That means you can use Cg language features such as built-in functions (lerp(), etc) and types (half, half2, etc) and your shader will compile.
Keep in mind that it will compile and yet it will give warning messages in the info log telling you that a certain line of your code has a non-standard GLSL code.
You must not define the version number at the top of your shader.
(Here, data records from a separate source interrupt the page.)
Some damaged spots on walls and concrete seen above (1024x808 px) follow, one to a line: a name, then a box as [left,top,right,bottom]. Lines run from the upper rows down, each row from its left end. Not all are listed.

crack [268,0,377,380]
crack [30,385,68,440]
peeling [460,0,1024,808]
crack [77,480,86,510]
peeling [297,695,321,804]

Example for GLSL 1.10

 #version 110

If you do include the line above, instead of warning messages, it gives you error messages telling you your code is non-standard.
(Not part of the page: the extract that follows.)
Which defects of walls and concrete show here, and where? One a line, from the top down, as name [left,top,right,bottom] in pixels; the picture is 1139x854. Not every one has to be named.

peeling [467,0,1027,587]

What can you do so that your shader compiles on nVidia and ATI/AMD?
Example :

 #ifndef __GLSL_CG_DATA_TYPES
 #define half float
 #define half2 vec2
 #define half3 vec3
 #define half4 vec4
 #endif
 //-------------
 half3 myNormal = normalize(myVector);
 half4 texel = texture2D(Texture0, TexCoord);
 float value = x + y;
 //and so on...

In the above code, if __GLSL_CG_DATA_TYPES is defined (yes it is defined if you are on a nVidia system) so your shader will use the half float precision type which may or may not give you speed improvements.
If you are on ATI/AMD, __GLSL_CG_DATA_TYPES is not defined, so we define half to be float, half2 to be vec2, etc... and your shader will compile just fine even on ATI/AMD.

noise[edit]

The noise function on nVidia implementations return always 0.0 since the GPU doesn't implement it. On ATI/AMD, since their GPUs doesn't support hardware noise either, they decided on a software solution. They probably perform perlin noise which takes quite a few instructions.